Ce lo dicano che si sono inventati un giochino per rendere appassionanti le tappe da volata: procrastinare il tentativo di chiusura sui fuggitivi; fare finta di nulla fino a quando ci si accorge che quelli davanti possono arrivare davvero, e da lì iniziare ad accelerare mettendo magari davanti pezzi da novanta come Ganna e poi cercare di rientrare sul rettilineo finale.

Ce lo dicano perché così sappiamo di tenerci liberi anche quei pomeriggi da passare all’apparenza con il volto disteso, invece di stare qui a digrignare i denti con le pulsazioni a mille perché vorresti vedere arrivare la fuga, ma in realtà ti piacerebbe anche vedere lo sprint del gruppo. E tutto questo ti manda in confusione.

Va così (anche) oggi al Delfinato, ma sembra ormai la nuova routine: gruppetto in fuga, vantaggio che non cresce mai a dismisura, ma quando i chilometri alla fine diminuiscono il vantaggio è tale e quale a prima, anzi a un certo punto aumenta.

Alla fine si sono dovuti mettere giù a tirare pancia a terra Ineos – Ganna, De Plus e Kwiatkowski – e una mano pure dalla Jumbo con Kruijswijk finché ha potuto, e poi Benoot, per riprendere i quattro.

Prima di quel finale pirotecnico: van Aert che sembrava non partire più, lanciato da Laporte, ma poi parte lanciato per fermare Thomas (Tomà) a 100 metri dal traguardo come a dirgli “qui comando io”, e quel traguardo che sembrava non arrivare mai fin quando alle sue spalle si è materializzato Meeus, colosso in maglia BORA, e allora all’improvviso la linea è apparsa sotto le ruote dei corridori.

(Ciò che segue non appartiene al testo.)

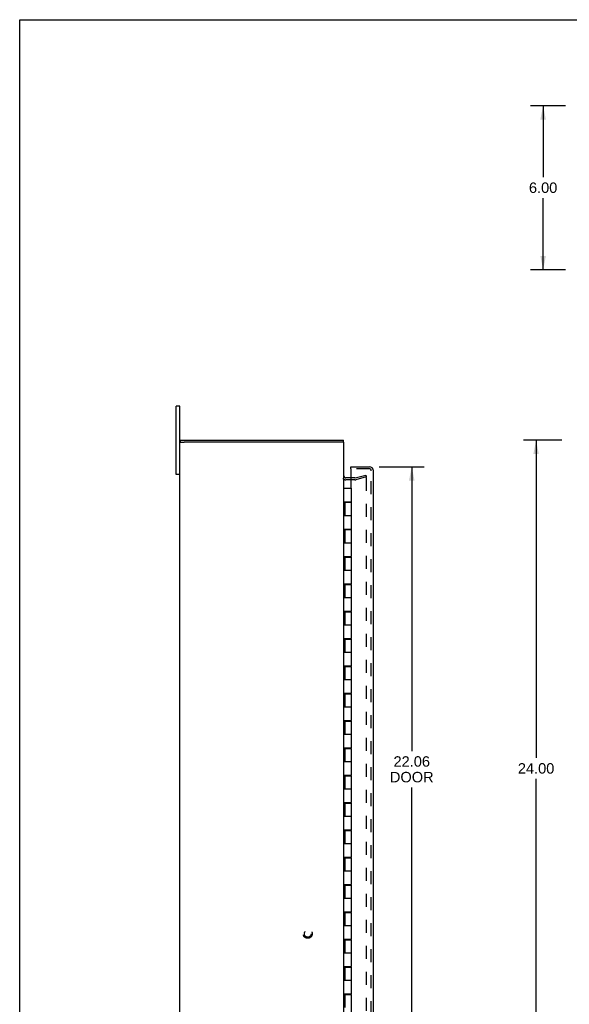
# Model space of a CAD drawing. Header units: inches. Extents: x 0 to 86.4, y 0 to 55.9.
# Tile 2 of 4: x 0 to 20.1, y 19.9 to 55.9. Entities that reach past the tile are written whole.
import ezdxf

# ---------------------------------------------------------------- set-up
doc = ezdxf.new("R2010")
doc.units = ezdxf.units.IN
doc.header["$LTSCALE"] = 4.754237
doc.header["$MEASUREMENT"] = 0
doc.linetypes.add('HIDDEN', pattern=[0.2, 0.1, -0.1])
doc.layers.get('0').update_dxf_attribs({"linetype": 'CONTINUOUS'})
for name, color, linetype in [('DEFAULT_2', 8, 'HIDDEN'), ('DIMENSIONS', 7, 'CONTINUOUS'), ('DOOR_ASSEMBLY', 7, 'CONTINUOUS')]:
    doc.layers.add(name, color=color, linetype=linetype)
doc.styles.get("Standard").update_dxf_attribs({"font": 'arial.ttf'})
doc.dimstyles.new('DIMSTYLE_1', dxfattribs={"dimtxt": 0.381356, "dimasz": 0.508475, "dimexe": 0.09, "dimexo": 0.07, "dimgap": 0.0375, "dimtad": 0, "dimtih": 1, "dimtoh": 1, "dimzin": 4, "dimdsep": 46, "dimtxsty": 'Standard', "dimblk": '_FILLED', "dimblk1": '_FILLED', "dimblk2": '_FILLED', "dimcen": 0.09, "dimadec": 3, "dimazin": 1, "dimtfac": 1, "dimtdec": 3, "dimtofl": 0, "dimtmove": 0, "dimatfit": 3, "dimldrblk": '_FILLED', "dimfxl": 0, "dimtolj": 1, "dimtzin": 4, "dimarcsym": 0})

# ---------------------------------------------------------------- blocks, each defined once
blk = doc.blocks.new('_FILLED')
at = {"color": 0, "linetype": 'ByBlock'}
blk.add_solid([(0, 0), (-1, 0.2), (-1, -0.2)], dxfattribs=at)
blk = doc.blocks.new('*D2')
at = {"layer": 'DIMENSIONS', "color": 2, "linetype": 'Continuous'}
for p, q in [((19.944, 52.788), (18.671, 52.788)), ((19.128, 52.788), (19.128, 50.17)), ((19.128, 46.788), (19.128, 49.407)), ((19.944, 46.788), (18.671, 46.788))]:
    blk.add_line(p, q, dxfattribs=at)
at = {"layer": 'DIMENSIONS', "color": 2, "linetype": 'Continuous', "xscale": 0.5084745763, "yscale": 0.5084745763, "zscale": 0.5084745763}
for p, rotation in [((19.128, 52.788), 90), ((19.128, 46.788), 270)]:
    blk.add_blockref('_FILLED', p, dxfattribs=dict(at, rotation=rotation))
at = {"layer": 'DIMENSIONS', "color": 2, "linetype": 'Continuous', "insert": (19.128, 49.979), "char_height": 0.3814, "width": 1.03632, "attachment_point": 2, "line_spacing_factor": 0.9}
blk.add_mtext('6.00', dxfattribs=at)
blk = doc.blocks.new('*D3')
at = {"layer": 'DIMENSIONS', "color": 2, "linetype": 'Continuous'}
for p, q in [((13.134, 39.584), (14.785, 39.584)), ((14.327, 39.584), (14.327, 29.188)), ((14.327, 17.521), (14.327, 27.853)), ((13.134, 17.521), (14.785, 17.521))]:
    blk.add_line(p, q, dxfattribs=at)
at = {"layer": 'DIMENSIONS', "color": 2, "linetype": 'Continuous', "xscale": 0.5084745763, "yscale": 0.5084745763, "zscale": 0.5084745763}
for p, rotation in [((14.327, 39.584), 90), ((14.327, 17.521), 270)]:
    blk.add_blockref('_FILLED', p, dxfattribs=dict(at, rotation=rotation))
at = {"layer": 'DIMENSIONS', "color": 2, "linetype": 'Continuous', "insert": (14.327, 28.997), "char_height": 0.3814, "width": 1.59631, "attachment_point": 2, "line_spacing_factor": 0.9}
blk.add_mtext('22.06\\PDOOR', dxfattribs=at)
blk = doc.blocks.new('*D9')
at = {"layer": 'DIMENSIONS', "color": 2, "linetype": 'Continuous'}
for p, q in [((19.814, 40.553), (18.413, 40.553)), ((18.871, 40.553), (18.871, 28.934)), ((18.871, 16.553), (18.871, 28.171)), ((19.814, 16.553), (18.413, 16.553))]:
    blk.add_line(p, q, dxfattribs=at)
at = {"layer": 'DIMENSIONS', "color": 2, "linetype": 'Continuous', "xscale": 0.5084745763, "yscale": 0.5084745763, "zscale": 0.5084745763}
for p, rotation in [((18.871, 40.553), 90), ((18.871, 16.553), 270)]:
    blk.add_blockref('_FILLED', p, dxfattribs=dict(at, rotation=rotation))
at = {"layer": 'DIMENSIONS', "color": 2, "linetype": 'Continuous', "insert": (18.871, 28.744), "char_height": 0.3814, "width": 1.33262, "attachment_point": 2, "line_spacing_factor": 0.9}
blk.add_mtext('24.00', dxfattribs=at)

msp = doc.modelspace()

# ---------------------------------------------------------------- linework, layer by layer
at = {"color": 7, "linetype": 'Continuous'}
for p, q in [((0, 0), (0, 55.932)), ((0, 55.932), (86.441, 55.932)), ((5.715, 39.303), (5.715, 41.803)), ((5.85, 41.803), (5.715, 41.803)), ((5.85, 40.478), (6.005, 40.478)), ((5.88, 40.478), (5.88, 40.553)), ((11.85, 40.478), (11.695, 40.478)), ((11.83, 40.478), (11.83, 40.553)), ((5.85, 39.303), (5.715, 39.303))]:
    msp.add_line(p, q, dxfattribs=at)
at = {"color": 3, "linetype": 'Continuous'}
for p, q in [((5.85, 15.303), (5.85, 41.803)), ((5.88, 40.553), (11.83, 40.553)), ((11.695, 40.478), (6.005, 40.478)), ((11.85, 16.628), (11.85, 40.478)), ((12.098, 39.178), (11.92, 39.178))]:
    msp.add_line(p, q, dxfattribs=at)
msp.add_arc((11.92, 39.248), 0.07, 180, 270, dxfattribs=at)
at = {"layer": 'DEFAULT_2', "color": 8, "linetype": 'HIDDEN'}
for p, q in [((12.259, 39.179), (12.644, 39.282)), ((12.644, 39.282), (12.663, 39.21)), ((12.249, 39.103), (11.92, 39.103)), ((12.249, 39.178), (12.098, 39.178)), ((12.663, 39.21), (12.279, 39.107)), ((12.644, 39.197), (12.644, 39.197)), ((12.663, 39.177), (12.663, 17.928))]:
    msp.add_line(p, q, dxfattribs=at)
for points in [[(12.644, 39.197), (12.642, 39.197), (12.641, 39.197), (12.639, 39.197)], [(12.649, 39.196), (12.648, 39.197), (12.646, 39.197), (12.644, 39.197)], [(12.649, 39.196), (12.651, 39.196), (12.653, 39.195), (12.654, 39.194), (12.656, 39.193), (12.657, 39.192), (12.658, 39.191), (12.659, 39.189), (12.66, 39.188), (12.661, 39.186), (12.662, 39.184), (12.662, 39.183), (12.663, 39.181), (12.663, 39.179), (12.663, 39.177)]]:
    msp.add_lwpolyline(points, dxfattribs=at)
for radius in [0.164, 0.124]:
    msp.add_circle((10.525, 22.503), radius, dxfattribs=at)
for centre, radius, start, end in [((11.92, 39.248), 0.145, 222.9858, 270), ((12.249, 39.218), 0.04, 270, 285), ((12.249, 39.218), 0.115, 270, 285)]:
    msp.add_arc(centre, radius, start, end, dxfattribs=at)
at = {"layer": 'DOOR_ASSEMBLY', "color": 7, "linetype": 'Continuous'}
for p, q in [((12.098, 39.509), (12.098, 39.584)), ((12.114, 39.509), (12.098, 39.509)), ((11.85, 38.803), (12.131, 38.803)), ((12.131, 38.303), (12.131, 38.803)), ((11.85, 38.303), (12.131, 38.303)), ((11.881, 38.283), (11.881, 37.803)), ((11.881, 38.283), (12.131, 38.283)), ((11.91, 38.303), (11.91, 38.283)), ((11.914, 38.303), (11.914, 38.283)), ((11.943, 38.303), (11.943, 38.283)), ((12.068, 38.303), (12.068, 38.283)), ((12.097, 38.283), (12.097, 38.303)), ((12.131, 37.303), (12.131, 38.283)), ((11.85, 37.803), (12.131, 37.803)), ((11.85, 37.303), (12.131, 37.303)), ((11.881, 37.283), (11.881, 36.803)), ((11.881, 37.283), (12.131, 37.283)), ((11.91, 37.303), (11.91, 37.283)), ((11.943, 37.303), (11.943, 37.283)), ((12.068, 37.303), (12.068, 37.283)), ((12.097, 37.283), (12.097, 37.303)), ((12.131, 36.303), (12.131, 37.283)), ((11.85, 36.803), (12.131, 36.803)), ((11.85, 36.303), (12.131, 36.303)), ((11.881, 36.283), (11.881, 35.803)), ((11.881, 36.283), (12.131, 36.283)), ((11.91, 36.303), (11.91, 36.283)), ((11.943, 36.303), (11.943, 36.283)), ((12.068, 36.303), (12.068, 36.283)), ((12.097, 36.283), (12.097, 36.303)), ((12.131, 35.303), (12.131, 36.283)), ((11.85, 35.803), (12.131, 35.803)), ((11.85, 35.303), (12.131, 35.303)), ((11.91, 35.303), (11.91, 35.283)), ((11.943, 35.303), (11.943, 35.283)), ((12.068, 35.303), (12.068, 35.283)), ((12.097, 35.283), (12.097, 35.303)), ((11.881, 35.283), (11.881, 34.803)), ((11.881, 35.283), (12.131, 35.283)), ((12.131, 34.303), (12.131, 35.283)), ((11.85, 34.803), (12.131, 34.803)), ((11.85, 34.303), (12.131, 34.303)), ((11.881, 34.283), (11.881, 33.803)), ((11.881, 34.283), (12.131, 34.283)), ((11.91, 34.303), (11.91, 34.283)), ((11.943, 34.303), (11.943, 34.283)), ((12.068, 34.303), (12.068, 34.283)), ((12.097, 34.283), (12.097, 34.303)), ((12.131, 33.303), (12.131, 34.283)), ((11.85, 33.803), (12.131, 33.803)), ((11.85, 33.303), (12.131, 33.303)), ((11.881, 33.283), (11.881, 32.803)), ((11.881, 33.283), (12.131, 33.283)), ((11.91, 33.303), (11.91, 33.283)), ((11.943, 33.303), (11.943, 33.283)), ((12.068, 33.303), (12.068, 33.283)), ((12.097, 33.283), (12.097, 33.303)), ((12.131, 32.303), (12.131, 33.283)), ((11.85, 32.803), (12.131, 32.803)), ((11.85, 32.303), (12.131, 32.303)), ((11.881, 32.283), (11.881, 31.803)), ((11.881, 32.283), (12.131, 32.283)), ((11.91, 32.303), (11.91, 32.283)), ((11.943, 32.303), (11.943, 32.283)), ((12.068, 32.303), (12.068, 32.283)), ((12.097, 32.283), (12.097, 32.303)), ((12.131, 31.303), (12.131, 32.283)), ((11.85, 31.803), (12.131, 31.803)), ((11.85, 31.303), (12.131, 31.303)), ((11.881, 31.283), (11.881, 30.803)), ((11.881, 31.283), (12.131, 31.283)), ((11.91, 31.303), (11.91, 31.283)), ((11.943, 31.303), (11.943, 31.283)), ((12.068, 31.303), (12.068, 31.283)), ((12.097, 31.283), (12.097, 31.303)), ((12.131, 30.303), (12.131, 31.283)), ((11.85, 30.803), (12.131, 30.803)), ((11.85, 30.303), (12.131, 30.303)), ((11.881, 30.283), (12.131, 30.283)), ((11.881, 30.283), (11.881, 29.803)), ((11.91, 30.303), (11.91, 30.283)), ((11.943, 30.303), (11.943, 30.283)), ((12.068, 30.303), (12.068, 30.283)), ((12.097, 30.283), (12.097, 30.303)), ((12.131, 29.303), (12.131, 30.283)), ((11.85, 29.803), (12.131, 29.803)), ((11.85, 29.303), (12.131, 29.303)), ((11.881, 29.283), (12.131, 29.283)), ((11.881, 29.283), (11.881, 28.803)), ((11.91, 29.303), (11.91, 29.283)), ((11.943, 29.303), (11.943, 29.283)), ((12.068, 29.303), (12.068, 29.283)), ((12.097, 29.283), (12.097, 29.303)), ((12.131, 28.303), (12.131, 29.283)), ((11.85, 28.803), (12.131, 28.803)), ((11.85, 28.303), (12.131, 28.303)), ((11.881, 28.283), (12.131, 28.283)), ((11.881, 28.283), (11.881, 27.803)), ((11.91, 28.303), (11.91, 28.283)), ((11.943, 28.303), (11.943, 28.283)), ((12.068, 28.303), (12.068, 28.283)), ((12.097, 28.283), (12.097, 28.303)), ((12.131, 27.303), (12.131, 28.283)), ((11.85, 27.803), (12.131, 27.803)), ((11.85, 27.303), (12.131, 27.303)), ((11.881, 27.283), (12.131, 27.283)), ((11.881, 27.283), (11.881, 26.803)), ((11.91, 27.303), (11.91, 27.283)), ((11.943, 27.303), (11.943, 27.283)), ((12.068, 27.303), (12.068, 27.283)), ((12.097, 27.283), (12.097, 27.303)), ((12.131, 26.303), (12.131, 27.283)), ((11.85, 26.803), (12.131, 26.803)), ((11.85, 26.303), (12.131, 26.303)), ((11.91, 26.303), (11.91, 26.283)), ((11.943, 26.303), (11.943, 26.283)), ((12.068, 26.303), (12.068, 26.283)), ((12.097, 26.283), (12.097, 26.303)), ((11.881, 26.283), (12.131, 26.283)), ((11.881, 26.283), (11.881, 25.803)), ((12.131, 25.303), (12.131, 26.283)), ((11.85, 25.803), (12.131, 25.803)), ((11.85, 25.303), (12.131, 25.303)), ((11.881, 25.283), (12.131, 25.283)), ((11.881, 25.283), (11.881, 24.803)), ((11.91, 25.303), (11.91, 25.283)), ((11.914, 25.303), (11.914, 25.283)), ((11.943, 25.303), (11.943, 25.283)), ((12.068, 25.303), (12.068, 25.283)), ((12.097, 25.283), (12.097, 25.303)), ((12.131, 24.303), (12.131, 25.283)), ((11.85, 24.803), (12.131, 24.803)), ((11.85, 24.303), (12.131, 24.303)), ((11.881, 24.283), (12.131, 24.283)), ((11.881, 24.283), (11.881, 23.803)), ((11.91, 24.303), (11.91, 24.283)), ((11.943, 24.303), (11.943, 24.283)), ((12.068, 24.303), (12.068, 24.283)), ((12.097, 24.283), (12.097, 24.303)), ((12.131, 23.303), (12.131, 24.283)), ((11.85, 23.803), (12.131, 23.803)), ((11.85, 23.303), (12.131, 23.303)), ((11.881, 23.283), (12.131, 23.283)), ((11.881, 23.283), (11.881, 22.803)), ((11.91, 23.303), (11.91, 23.283)), ((11.943, 23.303), (11.943, 23.283)), ((12.068, 23.303), (12.068, 23.283)), ((12.097, 23.283), (12.097, 23.303)), ((12.131, 22.303), (12.131, 23.283)), ((11.85, 22.803), (12.131, 22.803)), ((11.85, 22.303), (12.131, 22.303)), ((11.881, 22.283), (12.131, 22.283)), ((11.881, 22.283), (11.881, 21.803)), ((11.91, 22.303), (11.91, 22.283)), ((11.943, 22.303), (11.943, 22.283)), ((12.068, 22.303), (12.068, 22.283)), ((12.097, 22.283), (12.097, 22.303)), ((12.131, 21.303), (12.131, 22.283)), ((11.85, 21.803), (12.131, 21.803)), ((11.85, 21.303), (12.131, 21.303)), ((11.881, 21.283), (12.131, 21.283)), ((11.881, 21.283), (11.881, 20.803)), ((11.91, 21.303), (11.91, 21.283)), ((11.943, 21.303), (11.943, 21.283)), ((12.068, 21.303), (12.068, 21.283)), ((12.097, 21.283), (12.097, 21.303)), ((12.131, 20.303), (12.131, 21.283)), ((11.85, 20.803), (12.131, 20.803)), ((11.85, 20.303), (12.131, 20.303)), ((11.881, 20.283), (12.131, 20.283)), ((11.881, 20.283), (11.881, 19.803)), ((11.91, 20.303), (11.91, 20.283)), ((11.943, 20.303), (11.943, 20.283)), ((12.068, 20.303), (12.068, 20.283)), ((12.097, 20.283), (12.097, 20.303)), ((12.131, 19.303), (12.131, 20.283))]:
    msp.add_line(p, q, dxfattribs=at)
at = {"layer": 'DOOR_ASSEMBLY', "color": 3, "linetype": 'Continuous'}
for p, q in [((12.098, 39.584), (12.778, 39.584)), ((12.098, 39.494), (12.098, 38.803)), ((12.923, 17.666), (12.923, 39.439)), ((12.098, 38.303), (12.098, 38.283)), ((12.098, 37.303), (12.098, 37.283)), ((12.098, 36.303), (12.098, 36.283)), ((12.098, 35.303), (12.098, 35.283)), ((12.098, 34.303), (12.098, 34.283)), ((12.098, 33.303), (12.098, 33.283)), ((12.098, 32.303), (12.098, 32.283)), ((12.098, 31.303), (12.098, 31.283)), ((12.098, 30.303), (12.098, 30.283)), ((12.098, 29.303), (12.098, 29.283)), ((12.098, 28.303), (12.098, 28.283)), ((12.098, 27.303), (12.098, 27.283)), ((12.098, 26.303), (12.098, 26.283)), ((12.098, 25.303), (12.098, 25.283)), ((12.098, 24.303), (12.098, 24.283)), ((12.098, 23.303), (12.098, 23.283)), ((12.098, 22.303), (12.098, 22.283)), ((12.098, 21.303), (12.098, 21.283)), ((12.098, 20.303), (12.098, 20.283))]:
    msp.add_line(p, q, dxfattribs=at)
at = {"layer": 'DOOR_ASSEMBLY', "color": 8, "linetype": 'HIDDEN'}
for p, q in [((12.778, 39.509), (12.114, 39.509)), ((12.848, 17.666), (12.848, 39.439))]:
    msp.add_line(p, q, dxfattribs=at)
at = {"layer": 'DOOR_ASSEMBLY', "color": 3, "linetype": 'Continuous'}
for centre, radius, start, end in [((12.114, 39.494), 0.0156, 90, 180), ((12.778, 39.439), 0.145, 0, 90)]:
    msp.add_arc(centre, radius, start, end, dxfattribs=at)
at = {"layer": 'DOOR_ASSEMBLY', "color": 8, "linetype": 'HIDDEN'}
msp.add_arc((12.778, 39.439), 0.07, 0, 90, dxfattribs=at)

# ---------------------------------------------------------------- dimensions: what is measured, and where the dimension line sits
at = {"layer": 'DIMENSIONS', "color": 2, "linetype": 'Continuous'}
for base, p1, p2, picture, middle in [((19.128, 46.788), (20.014, 52.788), (20.014, 46.788), '*D2', (19.126, 49.786)), ((18.871, 16.553), (19.884, 40.553), (19.884, 16.553), '*D9', (18.866, 28.551))]:
    dim = msp.add_linear_dim(base=base, p1=p1, p2=p2, angle=270, dimstyle='DIMSTYLE_1', dxfattribs=at)
    dim.commit()
    dim.dimension.update_dxf_attribs({"geometry": picture, "text_midpoint": middle, "dimtype": 160})
dim = msp.add_linear_dim(base=(14.327, 17.521), p1=(13.064, 39.584), p2=(13.064, 17.521), angle=270, text='<>\\PDOOR', dimstyle='DIMSTYLE_1', dxfattribs=at)
dim.commit()
dim.dimension.update_dxf_attribs({"geometry": '*D3', "text_midpoint": (14.327, 28.52), "dimtype": 160})

doc.saveas('drawing.dxf')

E van Aert ha vinto. Fatto non banale visti i secondi posti di questi giorni, fatto che va ad aumentare una statistica ormai vanaertiana: circa 2 corse su 3 chiuse sul podio in questo 2022. 5 vittorie in 19 giorni di gara, e al Delfinato: 1°,6°,2°,2°,1°. Semplicemente roba da van Aert, in giallo limone con quel casco di un altro colore che lo fa sembrare quasi pittoresco.